I was squirming, laughing, and begging, tears prickling my eyes as I tried to escape his fingers, but they were everywhere. My ribs, my neck, and behind my ears. I was horrified and delighted that the grumpiest human alive had managed to put a smile on my face on the saddest day of my life.

I was dangerously close to peeing my pants and coming, and needed Mom to come down right now before I did something I would never recover from. Desperate, I sent a silent prayer to the universe.

Dear God,

I know I’m not much of a devout Christian. I also know I only gave up something for Lent once, and it was Skittles (and even that was because I’m allergic to Red Dye 40), but I really need a solid right now.

Please make Row stop tickling me. I really can’t handle another humiliation, and I have a feeling beginning my stay in Staindrop with a pee stain the shape of Nebraska on my dress and convulsing with an orgasm while he wrestles me into submission is going to make my time here challenging to say the least.

I promise to be good. To donate what little I have to charity. And to not shut the door in Jehovah’s Witnesses’ faces when they tell me You want me to do something special with my life.*

*Is starting a true crime podcast special enough? Just being pragmatic here. Your girl has bills to pay and has a scented-candle addiction to subsidize.

Faithfully, Cal

P.S.

Please send my regards to Jesus and tell him I’m sorry he died for my sins just so I could sleep with my bestie’s brother, then borderline assault him in my mom’s kitchen the day of my dad’s funeral. He deserved better.

—C. x

God must’ve had a slow day because he heard me. Suddenly—eureka!—Row’s front pocket began vibrating. His phone flashed through his dark pants, and we both stopped, staring at it.

Fine, I was staring at his baseball bat-sized hard-on.
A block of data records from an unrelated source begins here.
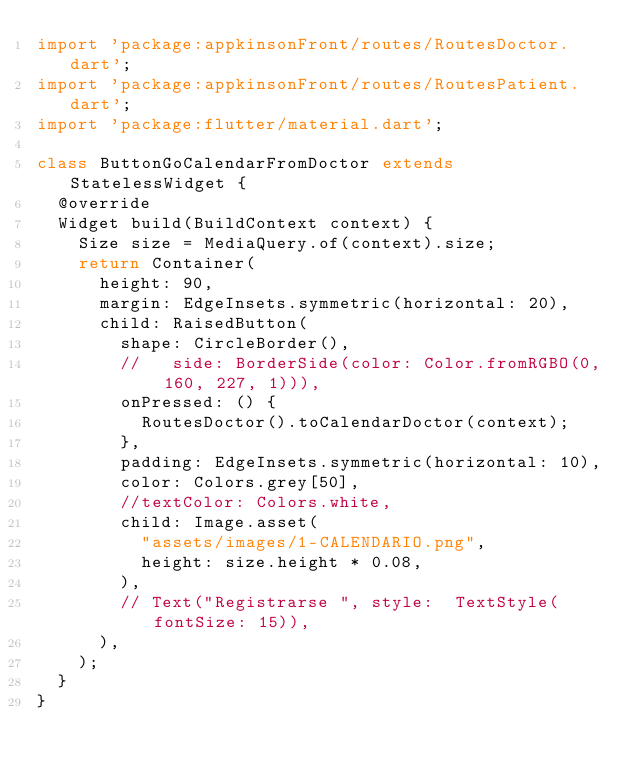Convert code to text. <code><loc_0><loc_0><loc_500><loc_500><_Dart_>import 'package:appkinsonFront/routes/RoutesDoctor.dart';
import 'package:appkinsonFront/routes/RoutesPatient.dart';
import 'package:flutter/material.dart';

class ButtonGoCalendarFromDoctor extends StatelessWidget {
  @override
  Widget build(BuildContext context) {
    Size size = MediaQuery.of(context).size;
    return Container(
      height: 90,
      margin: EdgeInsets.symmetric(horizontal: 20),
      child: RaisedButton(
        shape: CircleBorder(),
        //   side: BorderSide(color: Color.fromRGBO(0, 160, 227, 1))),
        onPressed: () {
          RoutesDoctor().toCalendarDoctor(context);
        },
        padding: EdgeInsets.symmetric(horizontal: 10),
        color: Colors.grey[50],
        //textColor: Colors.white,
        child: Image.asset(
          "assets/images/1-CALENDARIO.png",
          height: size.height * 0.08,
        ),
        // Text("Registrarse ", style:  TextStyle(fontSize: 15)),
      ),
    );
  }
}
</code>

His zipper looked so strained it was a wonder it didn’t dislocate to a parallel universe.

Row leaned backward on his shins, releasing me from his grip as he pulled out his phone and swiped the screen, scowling. “Now what?”

Dude made the Grinch look like Phoebe Buffay.

His jaw clenched, and he straightened his back, running a hand through his floppy, shiny hair. His shirt rode up, offering me a glimpse of his rock-hard, bronzed abs. “You’re shitting me,” he bit out.

“That explains the smell,” I quipped, smoothing my dress down and patting my wild hair into submission. Row ignored me. The person on the other line continued talking. My archenemy rose to his feet, letting out a puff of air as his frown deepened.

“I’m going to make a nutcracker out of their bone cartilage.” Oof. “On my way.”

“Hey, where are you going?” I growled. “You didn’t even apologi—”

He grabbed his jacket from the back of a dining chair, not even bothering to put it on. The door slammed abruptly, shaking on its hinges. Leaving me to pant on the floor, feeling empty, confused, and with two brand-new pieces of information to digest: 1) Tomato is a fruit, and 2) Row Casablancas was hotter than ever and burning with hatred for me.